──────── PROVIDED ENTRIES ────────

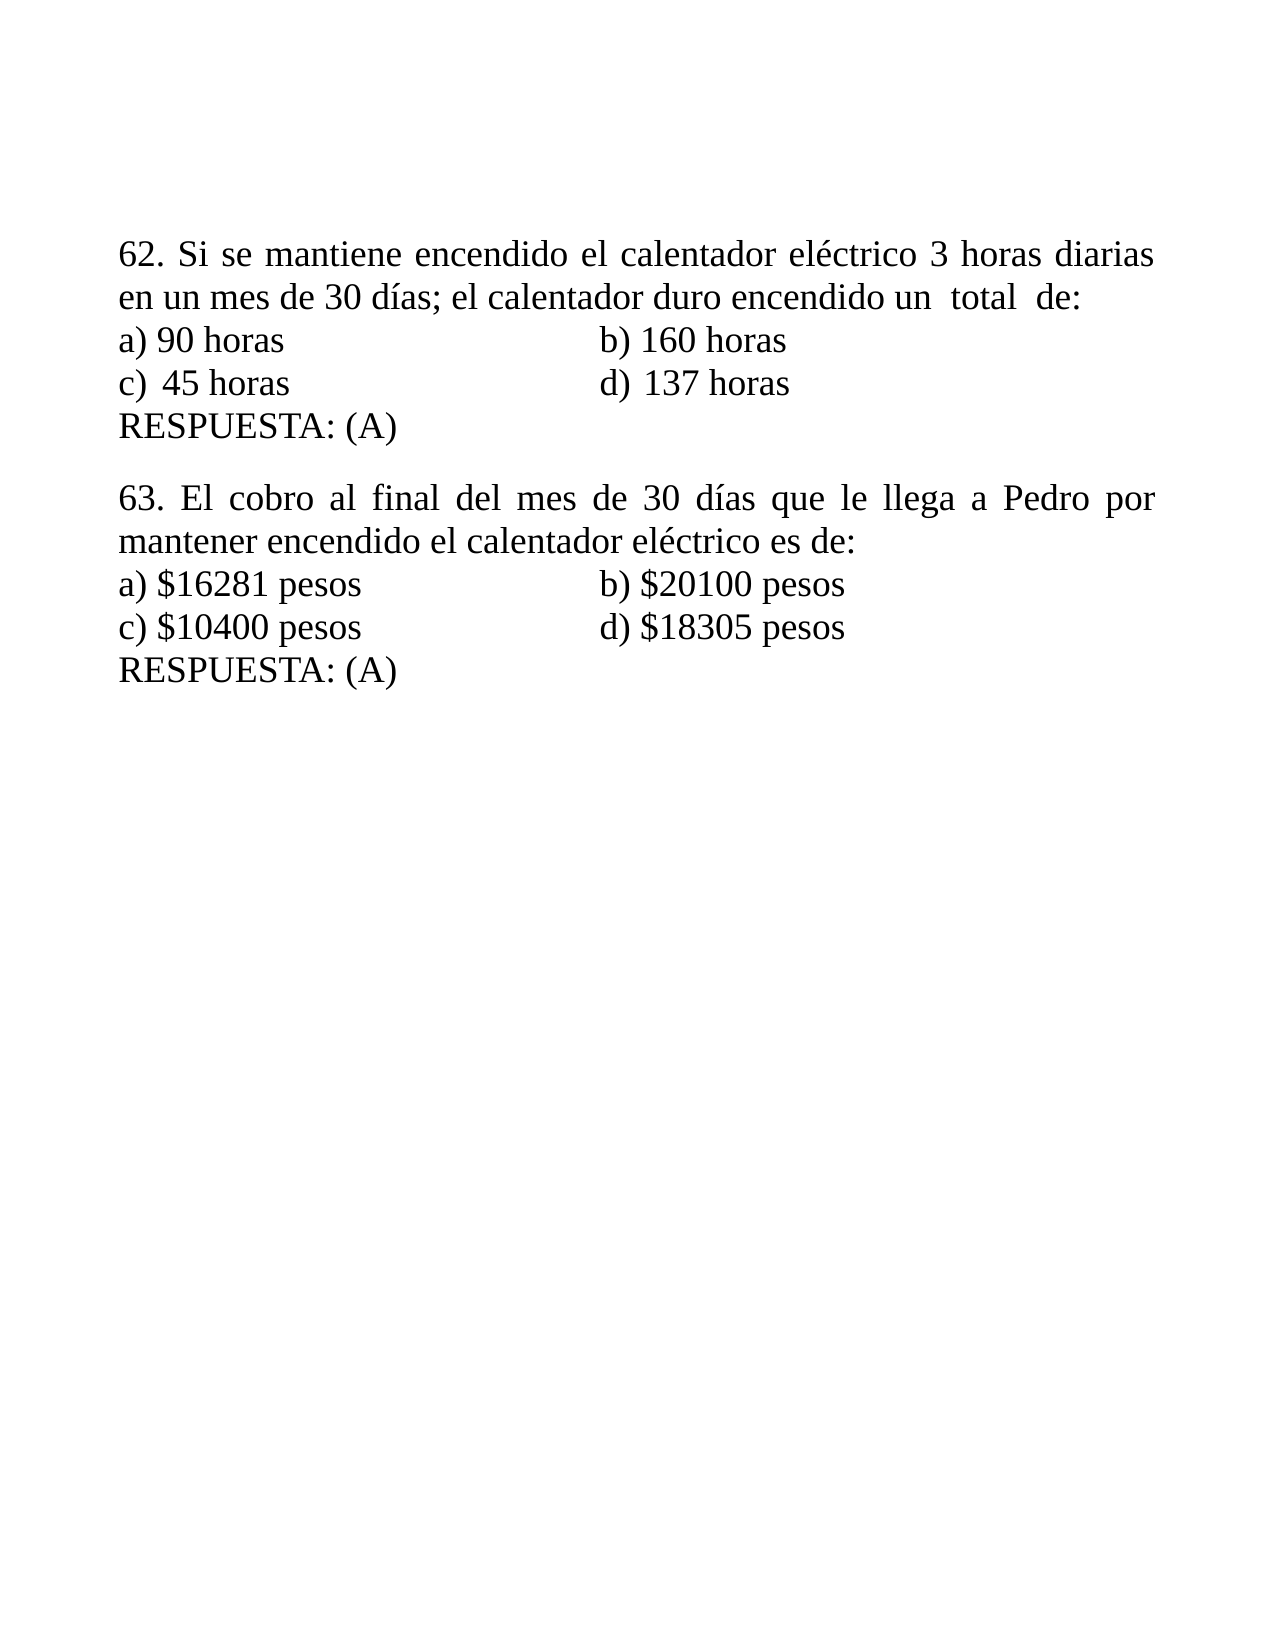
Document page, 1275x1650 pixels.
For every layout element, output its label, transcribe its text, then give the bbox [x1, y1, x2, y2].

text a) $16281 pesos b) $20100 pesos [118, 562, 1157, 605]
text c) $10400 pesos d) $18305 pesos [118, 605, 1157, 648]
text c) 45 horas d) 137 horas [118, 361, 1157, 404]
text RESPUESTA: (A) [118, 648, 1157, 691]
text 63. El cobro al final del mes de 30 días que le llega a Pedro por mantener encendido el calentador eléctrico es de: [118, 475, 1157, 562]
text 62. Si se mantiene encendido el calentador eléctrico 3 horas diarias en un mes de 30 días; el calentador duro encendido un total de: [118, 231, 1157, 318]
text RESPUESTA: (A) [118, 404, 1157, 447]
text a) 90 horas b) 160 horas [118, 318, 1157, 361]
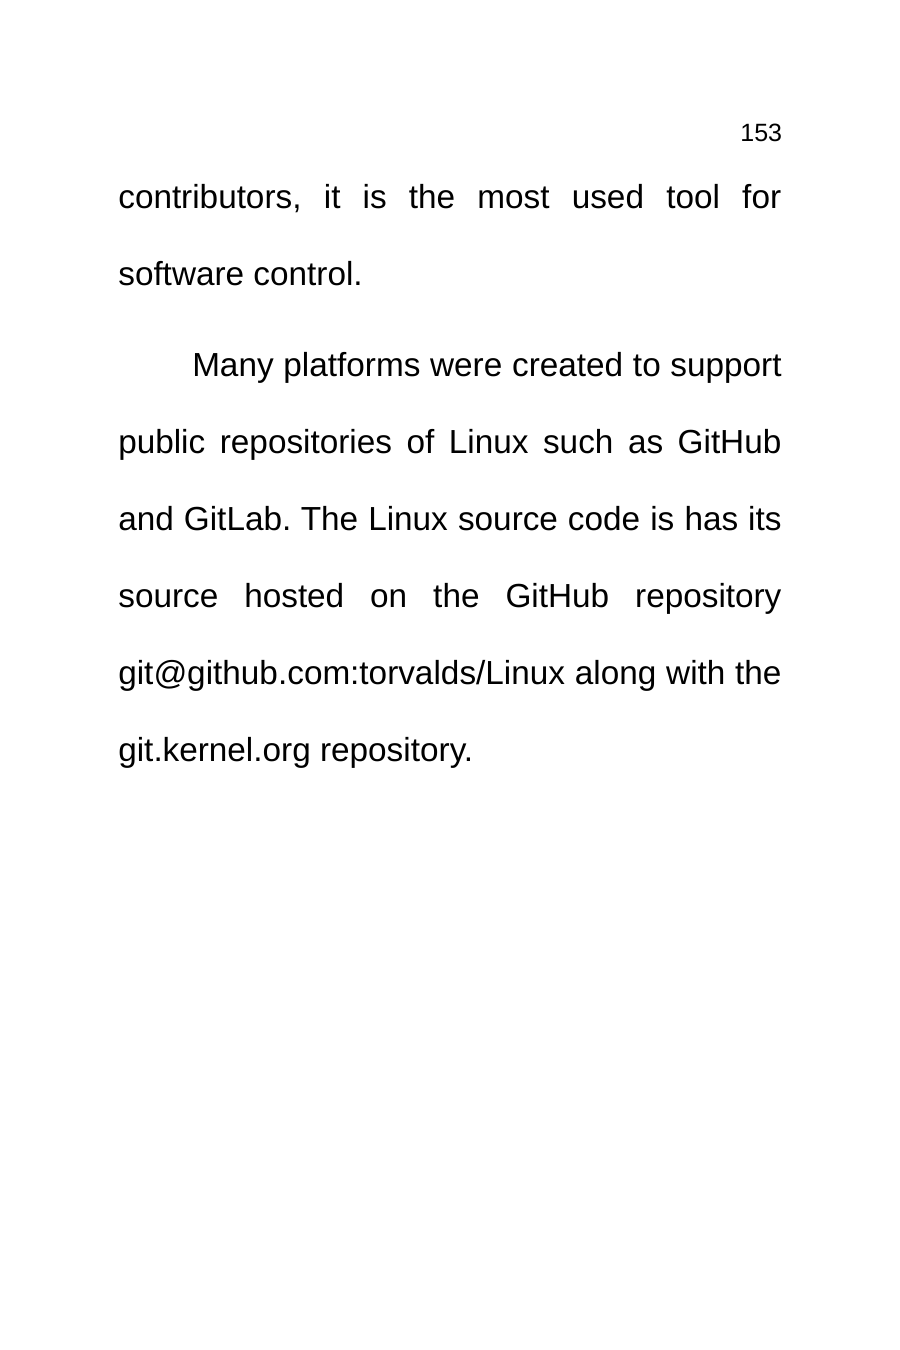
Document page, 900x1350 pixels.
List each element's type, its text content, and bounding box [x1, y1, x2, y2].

text Many platforms were created to support public repositories of Linux such as GitHub and GitLab. The Linux source code is has its source hosted on the GitHub repository git@github.com:torvalds/Linux along with the git.kernel.org repository. [118, 345, 782, 768]
text contributors, it is the most used tool for software control. [118, 177, 782, 292]
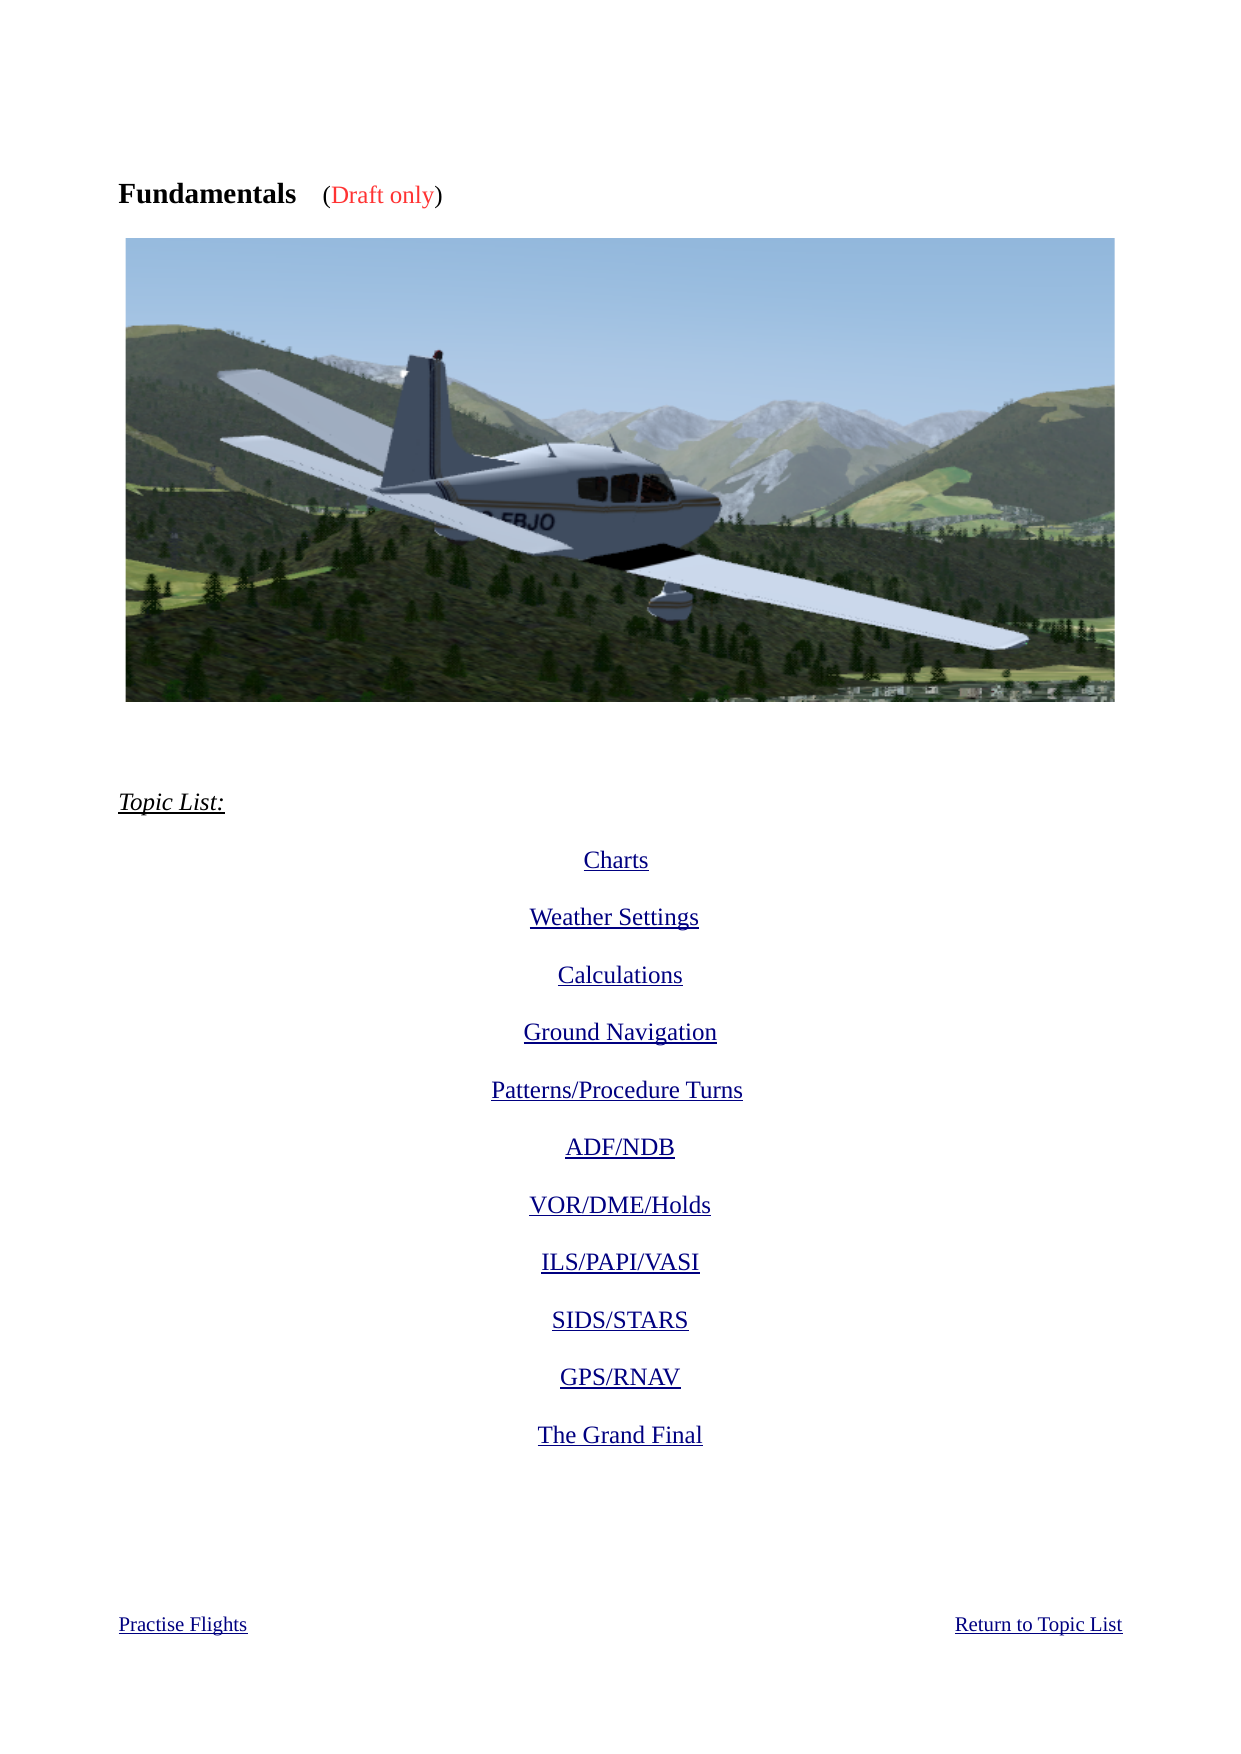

────────

TASK DIRECTIONS: Give back, exactly and with nothing added, the lines from the line with "List each element's" through the final line of the data, both included; leave pictures out.

SOLUTION TO THIS PROBLEM:
List each element's type, its text content, and bounding box [x1, y1, x2, y2].

text Many platforms were created to support public repositories of Linux such as GitHub and GitLab. The Linux source code is has its source hosted on the GitHub repository git@github.com:torvalds/Linux along with the git.kernel.org repository. [118, 345, 782, 768]
text contributors, it is the most used tool for software control. [118, 177, 782, 292]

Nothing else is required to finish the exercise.